A director need not be a resident of the State of Nevada or a stockholder of
the Corporation.

                 SECTION 2.  Except as provided in the Articles of
Incorporation of the Corporation and subject to the rights of holders of any
class or series of stock having a preference over the Common Stock as to
dividends or upon liquidation to elect directors under specified circumstances,
newly created directorships resulting from any increase in the number of
directors and any vacancies on the Board of Directors resulting from death,
resignation, disqualification, removal or other cause shall be filled by the
affirmative vote of a majority of the remaining directors then in office, even
though less than a quorum of the Board of Directors.  Any director elected in
accordance with the preceding sentence shall hold office for the remainder of
the full term of the class of directors in which the new directorship was
created or the vacancy occurred and until such director's successor shall have
been elected and qualifies.  No decrease in the number of directors
constituting the Board of Directors shall shorten the term of any incumbent
director.

                 SECTION 3.  No director of the Corporation shall be removed
from office as a director without cause except by the affirmative vote of the
holders of 80% of the number of shares of Common Stock then outstanding.  A
Director may be removed from office for cause only by the affirmative vote of
the holders of not less than a majority of the Common Stock then outstanding.
Except as otherwise provided by law or fixed pursuant to the provisions of
Article FOURTH of the Corporation's Restated Articles of Incorporation relating
to the rights of holders of any class or series of stock having a preference
over the Common Stock as to dividends or upon liquidation, this Section 3 shall
not apply with respect to any director elected by the holders of any such class
or series having preference.

                 SECTION 4.  Subject to the rights of holders of any class or
series having a preference over the Common Stock as to dividends or upon
liquidation, nominations for the election of directors may be made by the Board
of Directors or a proxy committee appointed by the Board of Directors or by any
stockholder entitled to vote in the election of directors.  Any stockholder
entitled to vote in the election of directors may nominate one or more persons
for election as directors only at a meeting of stockholders and only if written
notice of such stockholder's intent to make such nomination or nominations has
been given, either by personal delivery or by United States mail, postage
prepaid, to the Secretary of the Corporation not later than (i) with respect to
an election to be held at an annual meeting of stockholders, ninety (90) days
in advance of such meeting, and (ii) with respect to an election to be held at
a special meeting of stockholders for the election of directors, the close of




                                     -3-
<PAGE>   4
business on the seventh day following the date on which notice of such meeting
is first given to stockholders.

Each such notice shall set forth:  (a) the name and address of the stockholder
who intends to make the nomination and of the person or persons to be
nominated; (b) a representation that the stockholder is a holder of record of
stock of the Corporation entitled to vote at such meeting and intends to appear
in person or by proxy at the meeting to nominate the person or persons
specified in the notice; (c) a description of all arrangements or
understandings between the stockholder and each nominee and any other person or
persons (naming such person or persons) pursuant to which the nomination or
nominations are to be made by the stockholder; (d) such other information
regarding each nominee proposed by such stockholder as would be required to be
included in a proxy statement filed pursuant to the proxy rules of the
Securities and Exchange Commission, as then in effect, had the nominee been
nominated, or intended to be nominated, by the Board of Directors; and (e) the
consent of each nominee to serve as a director of the Corporation if so
elected.

                 SECTION 5.  Regular meetings of the Board of Directors shall
be held at such place or places within or without the State of Nevada and at
such time and on such day as may be fixed by resolution of the Board of
Directors, without further notice of such meetings.  The time or place of
holding regular meetings of the Board of Directors may be changed by the
Chairman of the Board of Directors or the President of the Corporation by
giving written notice thereof as provided in Section 7 of this Article II.
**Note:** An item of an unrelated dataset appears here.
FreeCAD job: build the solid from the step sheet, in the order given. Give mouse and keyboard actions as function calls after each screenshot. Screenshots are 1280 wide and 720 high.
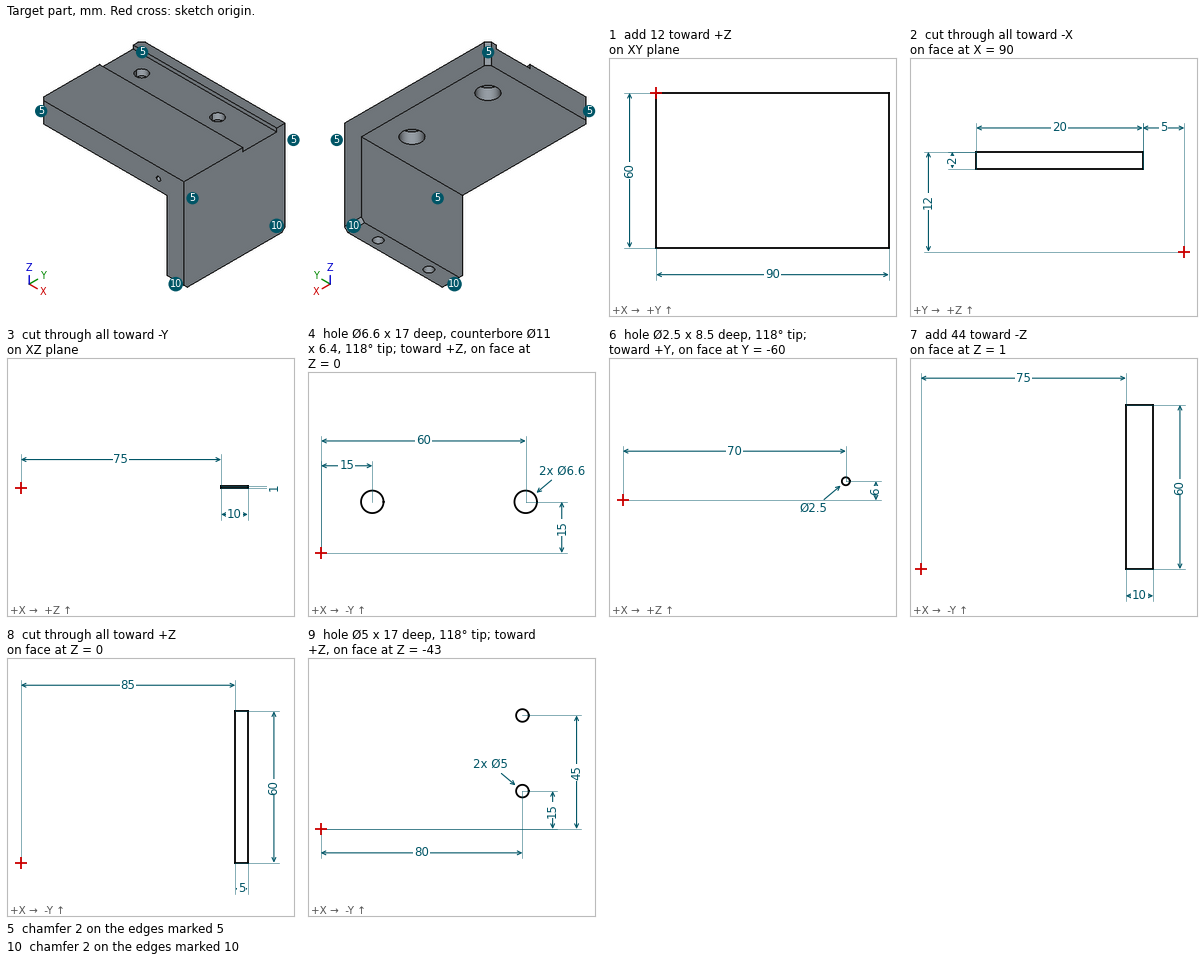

                 SECTION 6.  Special meetings of the Board of Directors shall
be held, whenever called by the Chairman of the Board of Directors, the
Chairman of the Executive Committee of the Board of Directors, the President of
the Corporation, or by resolution adopted by the entire Board of Directors, at
such place or places within or without the State of Nevada as may be stated in
the notice of the meeting.

                 SECTION 7.  Written notice of the time and place of, and
general nature of the business to be transacted at, all special meetings of the
Board of Directors, and written notice of any change in the time or place of
holding the regular meetings of the Board of Directors, shall be given to each
director personally or by mail or by telegraph, telecopier or similar
communication; provided, however, that notice of any meeting need not be given
to any director if waived by him in writing, or if he shall be present at such
meeting.

                 SECTION 8.  A majority of directors in office shall constitute
a quorum of the Board of Directors for the transaction of business, but a
lesser number may adjourn from day to day until a quorum is present.  Except as
otherwise provided by law or in these Bylaws, all questions shall be decided by
a vote of a majority of the directors present.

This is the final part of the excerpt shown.